[[ DATA SHOWN open ]]

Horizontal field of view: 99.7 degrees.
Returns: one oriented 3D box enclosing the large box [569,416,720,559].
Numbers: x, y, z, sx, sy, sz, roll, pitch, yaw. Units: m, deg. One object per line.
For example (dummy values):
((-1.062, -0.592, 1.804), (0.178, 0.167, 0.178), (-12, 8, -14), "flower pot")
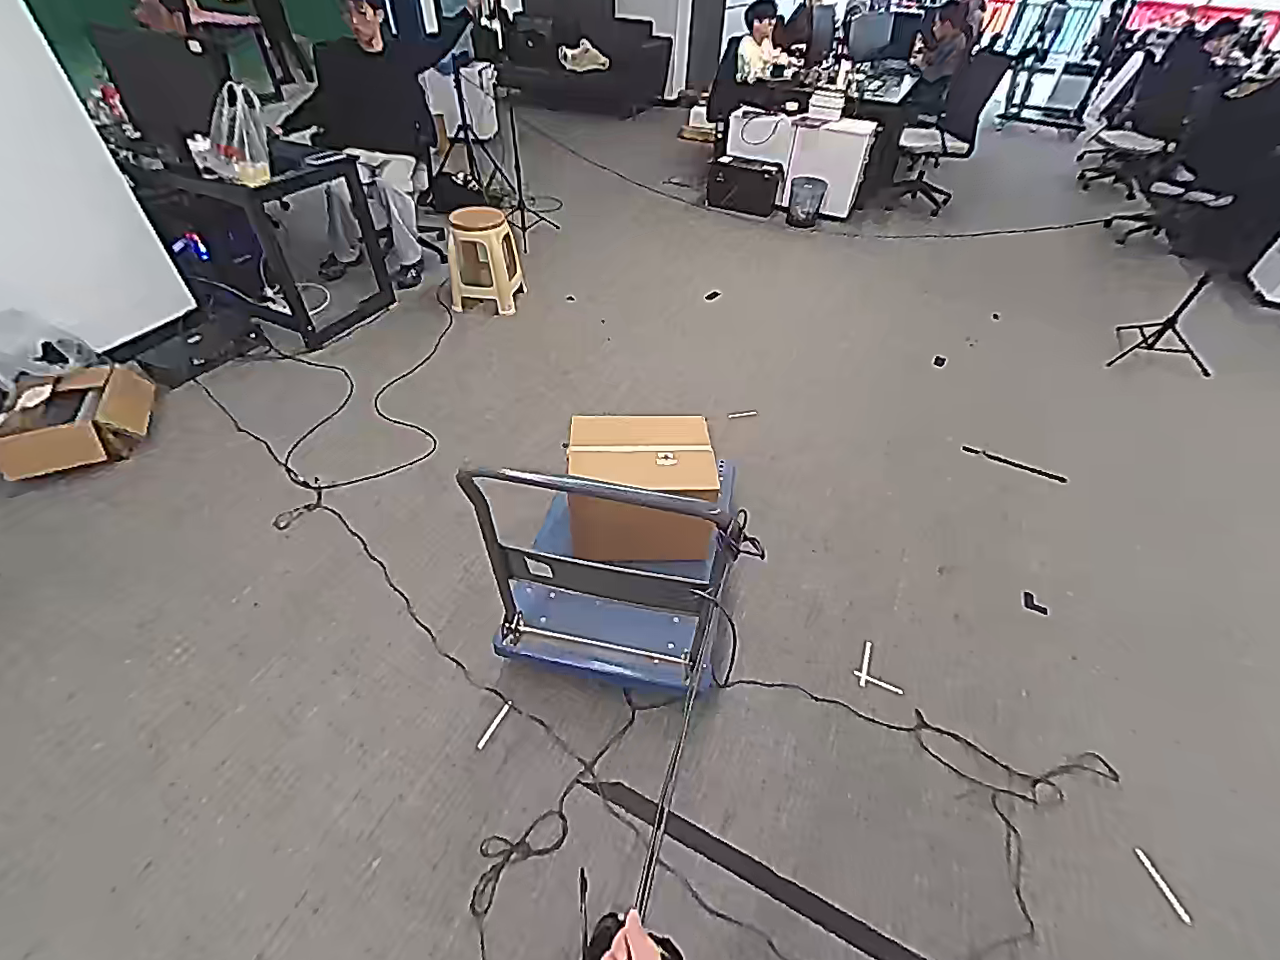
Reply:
((-0.003, 0.023, 1.613), (0.408, 0.320, 0.320), (0, 46, -4), "large box")
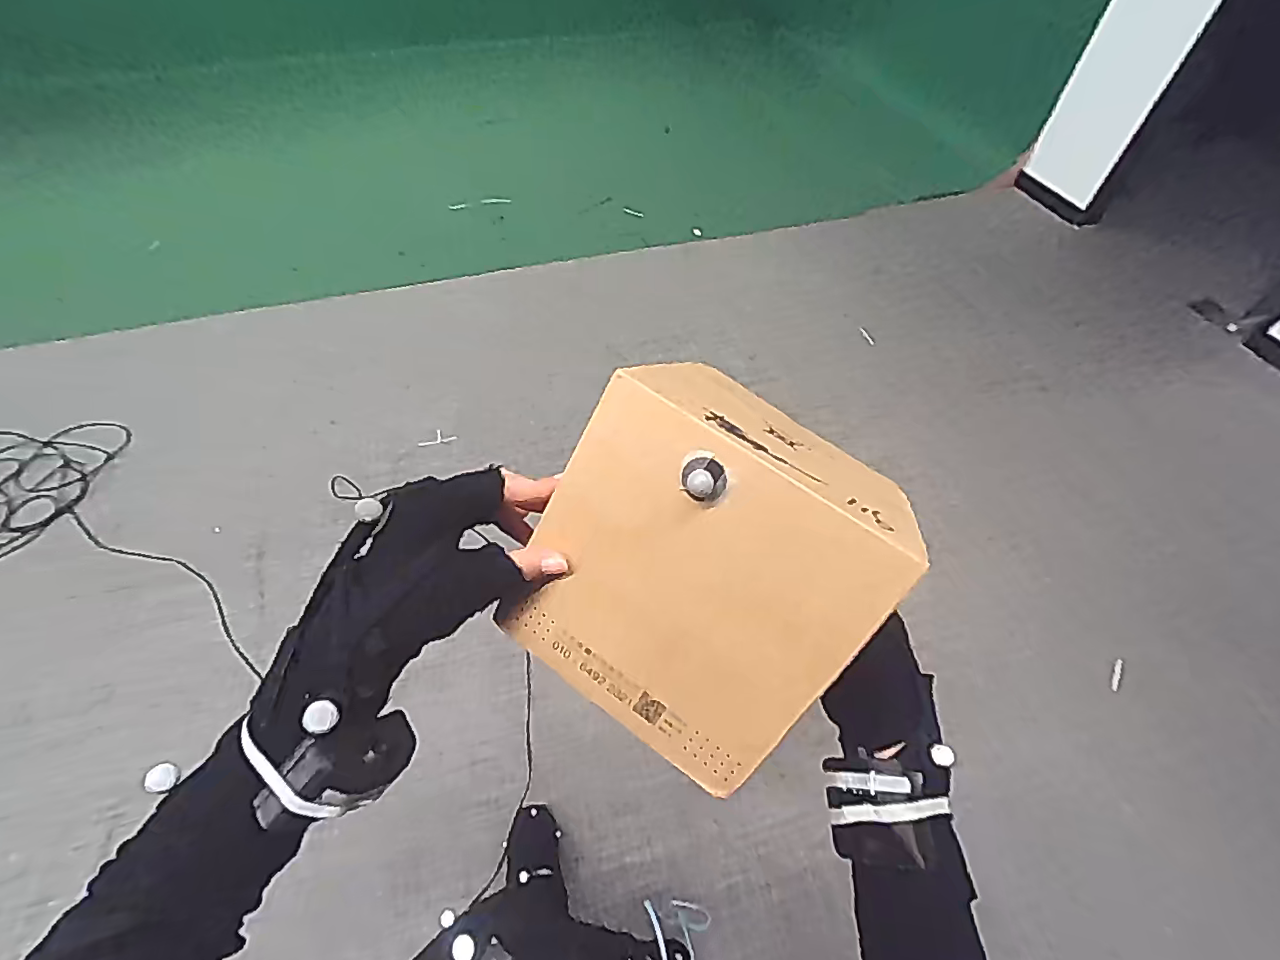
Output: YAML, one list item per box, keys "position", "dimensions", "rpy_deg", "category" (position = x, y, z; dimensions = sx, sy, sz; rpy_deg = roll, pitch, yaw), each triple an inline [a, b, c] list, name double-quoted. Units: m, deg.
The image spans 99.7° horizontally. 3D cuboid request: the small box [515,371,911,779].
- position: [0.046, 0.044, 0.360]
  dimensions: [0.168, 0.176, 0.179]
  rpy_deg: [34, 20, 12]
  category: "small box"
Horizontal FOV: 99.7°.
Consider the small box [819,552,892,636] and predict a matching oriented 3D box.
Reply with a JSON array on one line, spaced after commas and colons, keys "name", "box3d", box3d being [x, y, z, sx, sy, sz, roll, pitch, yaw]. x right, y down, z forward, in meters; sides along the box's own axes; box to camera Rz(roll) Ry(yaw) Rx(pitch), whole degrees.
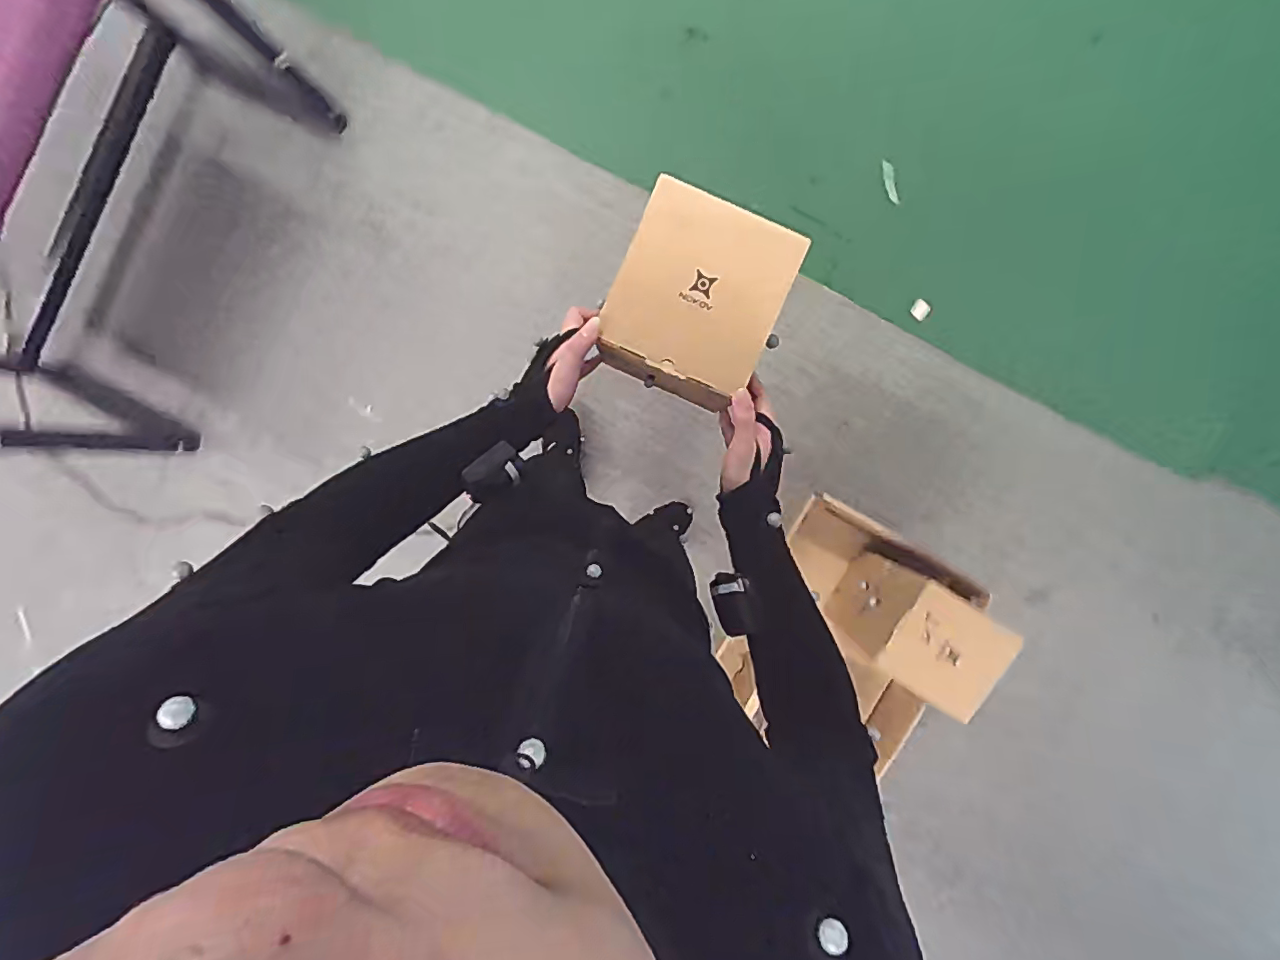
[{"name": "small box", "box3d": [0.499, 0.264, 1.106, 0.179, 0.176, 0.168, 32, 94, 2]}]

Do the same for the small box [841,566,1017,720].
[{"name": "small box", "box3d": [0.487, 0.270, 0.942, 0.179, 0.176, 0.168, 34, 93, 2]}]
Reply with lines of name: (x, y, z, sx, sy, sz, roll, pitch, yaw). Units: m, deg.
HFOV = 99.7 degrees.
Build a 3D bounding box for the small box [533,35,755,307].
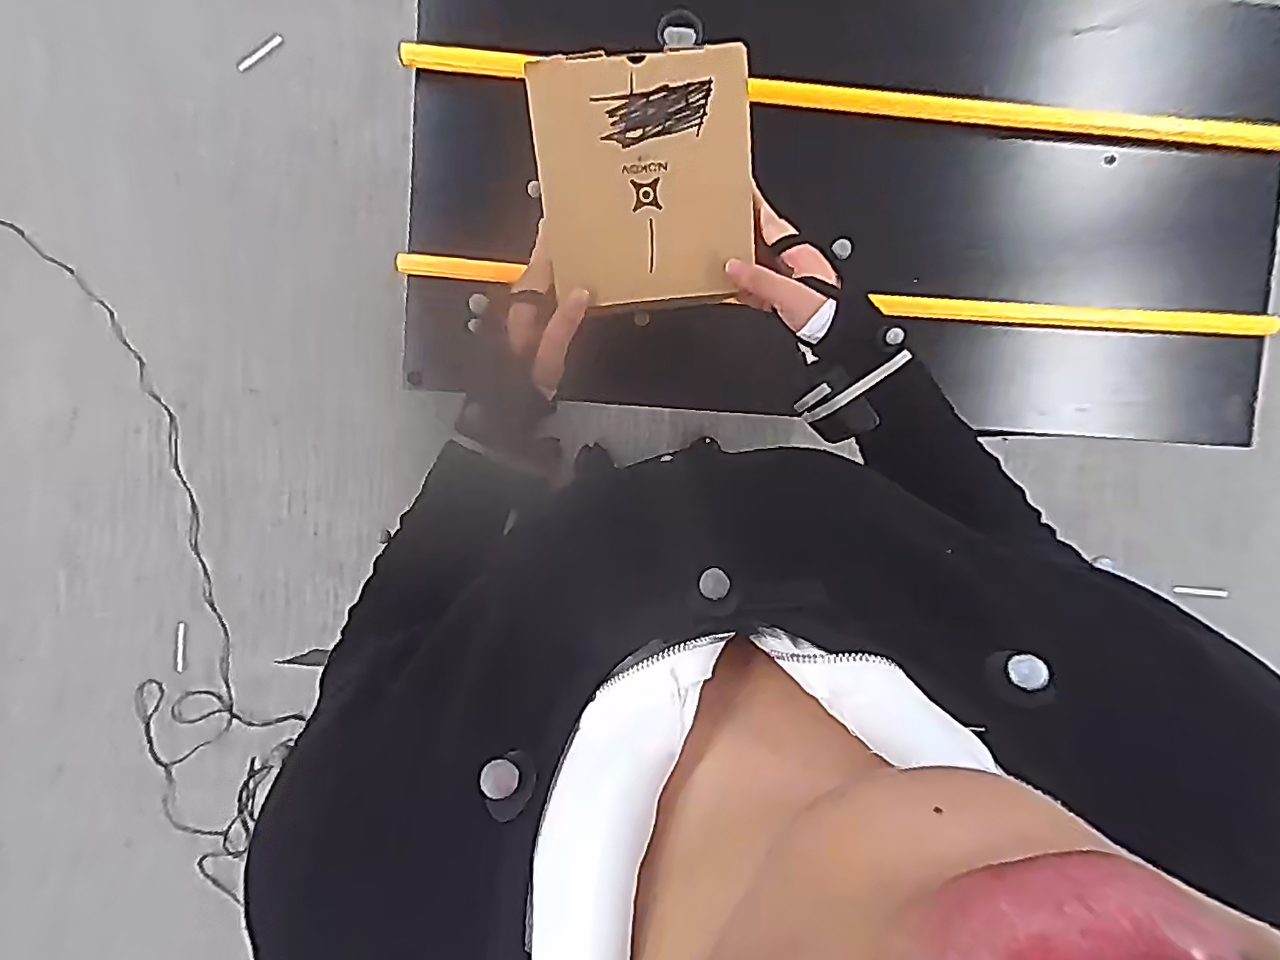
small box: (0.002, -0.259, 0.495, 0.168, 0.176, 0.179, -6, 106, -2)

[[ DATA SHOWN closed ]]

WHAT IS EXPECTED:
Find every line of the data that holds the string "Units", then say how many there are and nothing else.

RESULT FOR THIS EXERCISE:
3